_HOW TO COMPLETE THIS TASK_: Report each line below that carries the word "pitch".

* * * *

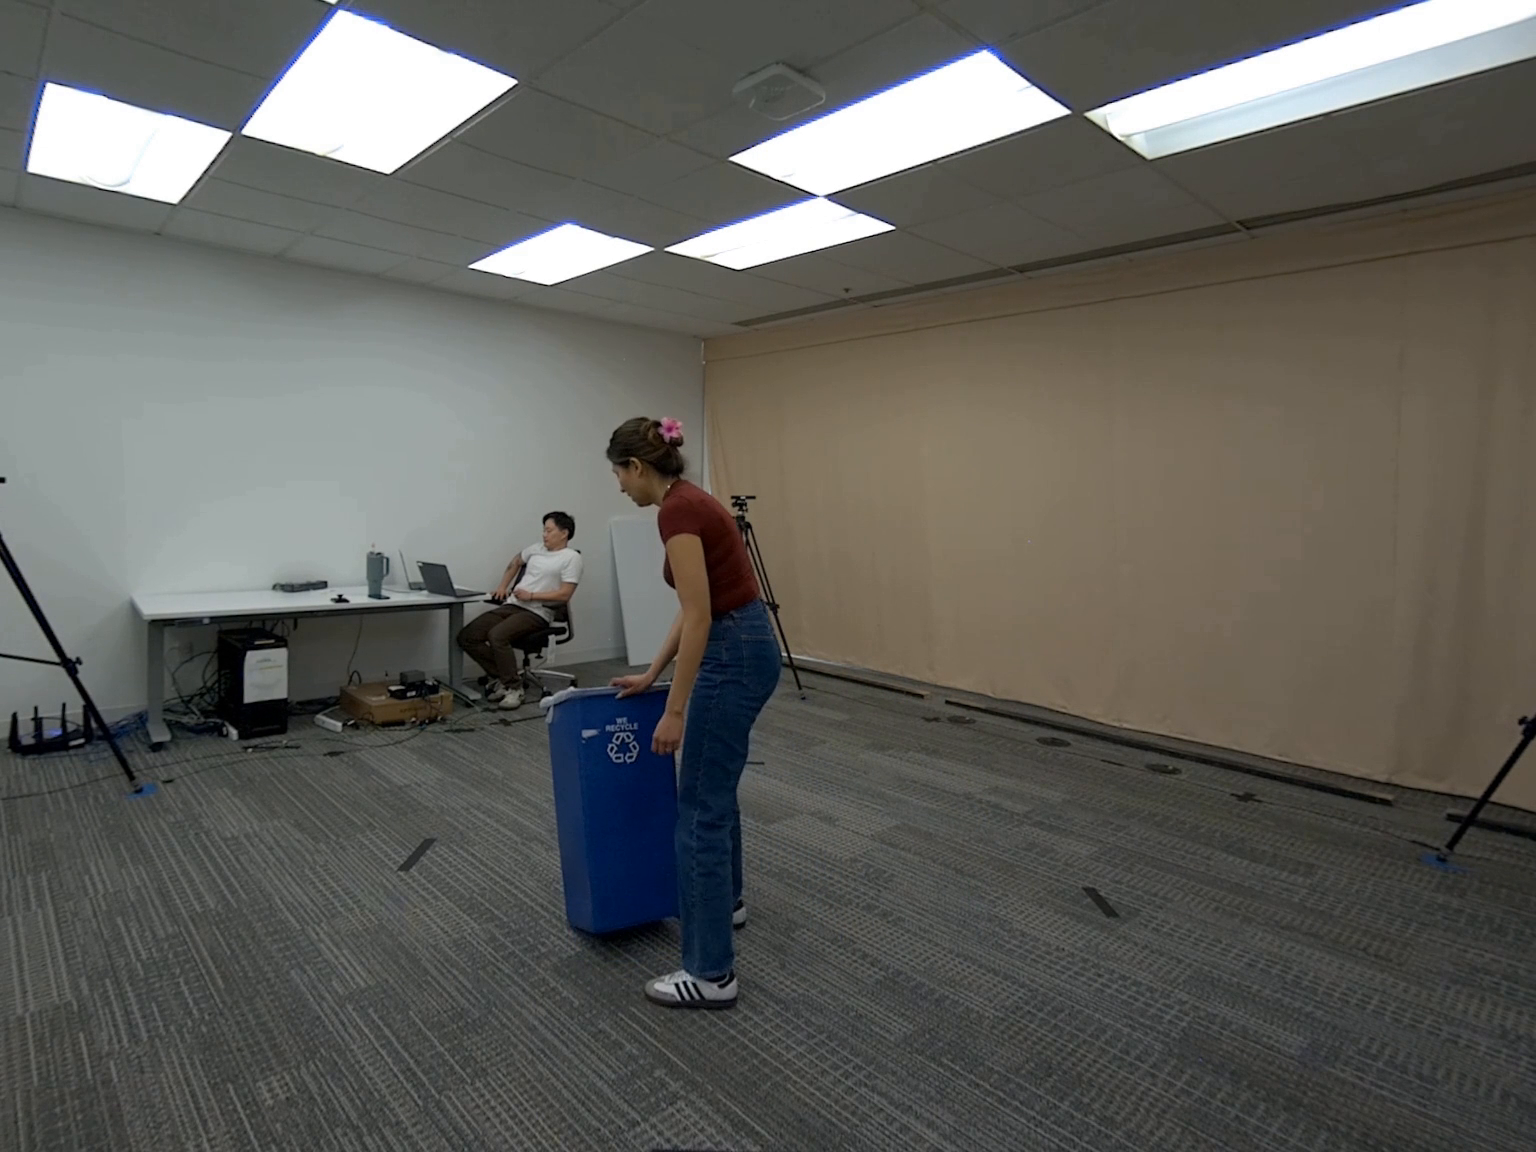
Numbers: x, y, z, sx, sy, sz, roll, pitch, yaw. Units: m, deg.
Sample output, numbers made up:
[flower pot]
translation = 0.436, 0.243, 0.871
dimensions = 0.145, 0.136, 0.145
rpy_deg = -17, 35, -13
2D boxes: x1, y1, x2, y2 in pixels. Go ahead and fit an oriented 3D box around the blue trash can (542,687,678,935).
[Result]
[blue trash can]
translation = -0.509, 0.743, 2.762
dimensions = 0.366, 0.721, 0.382
rpy_deg = -1, -14, -30
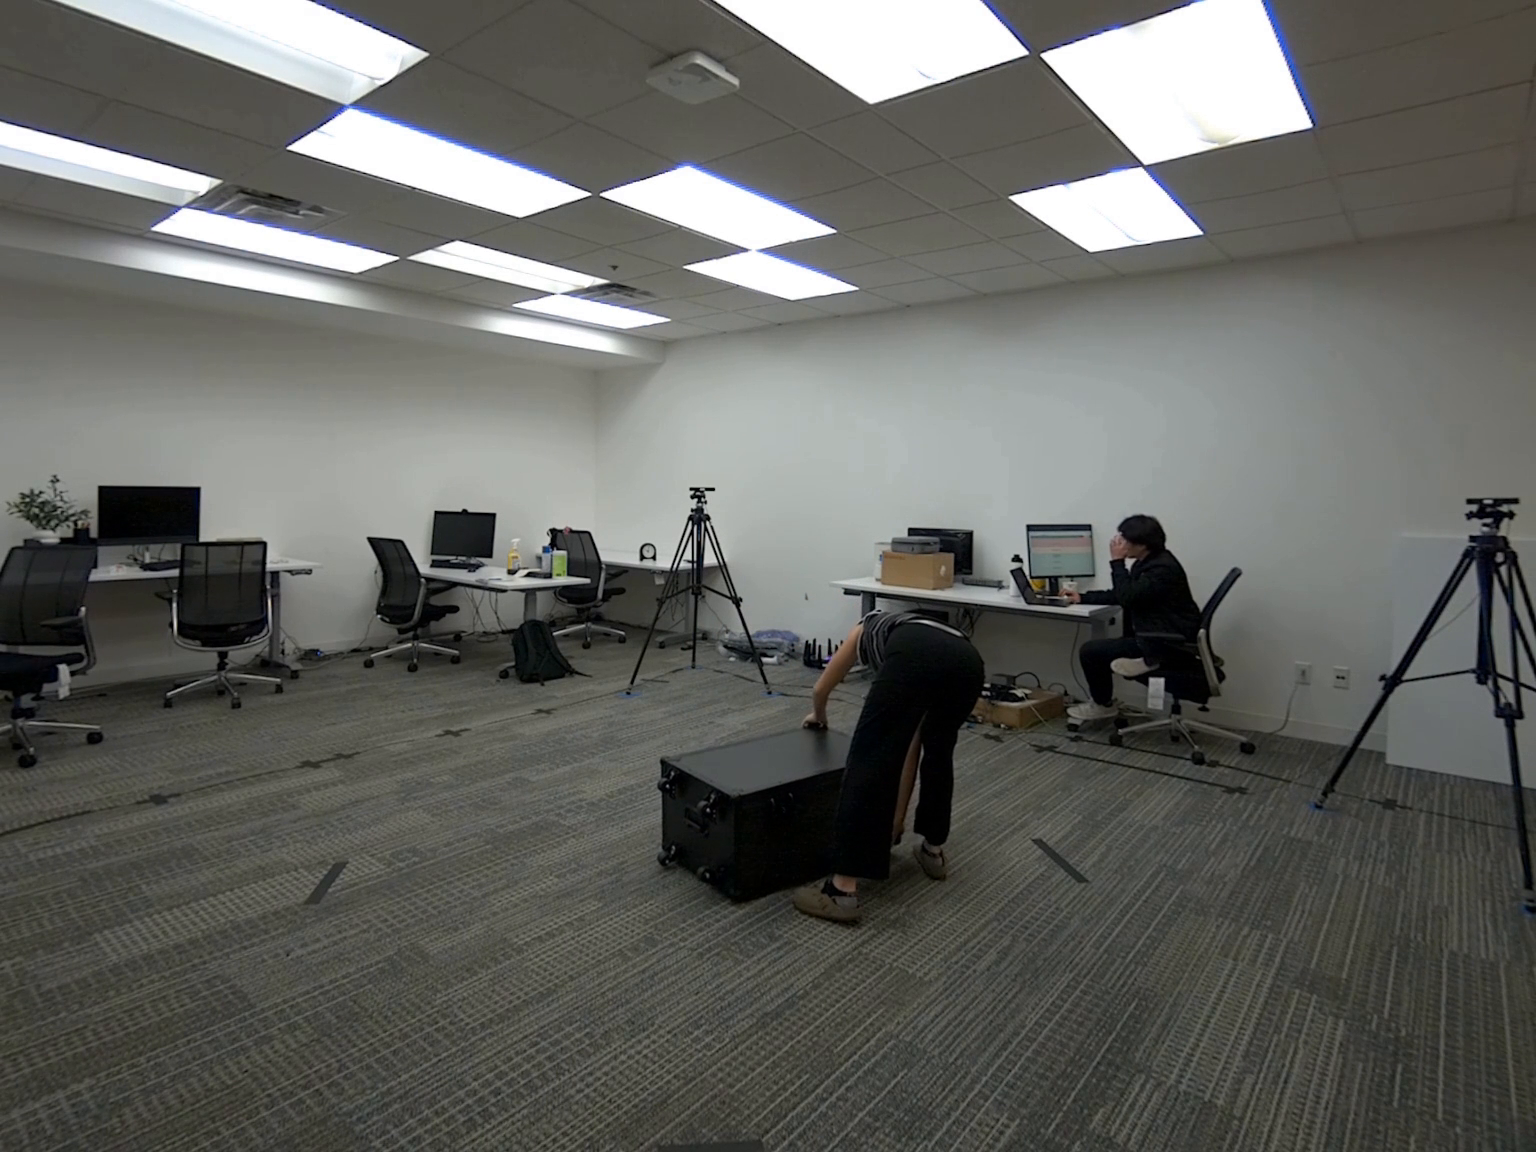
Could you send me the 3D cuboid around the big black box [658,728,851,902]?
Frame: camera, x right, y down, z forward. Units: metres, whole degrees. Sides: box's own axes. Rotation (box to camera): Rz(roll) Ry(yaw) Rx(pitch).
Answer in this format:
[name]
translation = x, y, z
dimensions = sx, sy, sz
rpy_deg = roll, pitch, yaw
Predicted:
[big black box]
translation = 0.013, 0.861, 3.209
dimensions = 0.837, 0.394, 0.538
rpy_deg = -5, 7, -36

* * * *

_EXERCISE SOLUTION_:
Numbers: x, y, z, sx, sy, sz, roll, pitch, yaw. Units: m, deg.
Frame: camera, x right, y down, z forward. Units: metres, whole degrees. Sides: box's own axes. Rotation (box to camera): Rz(roll) Ry(yaw) Rx(pitch).
rpy_deg = roll, pitch, yaw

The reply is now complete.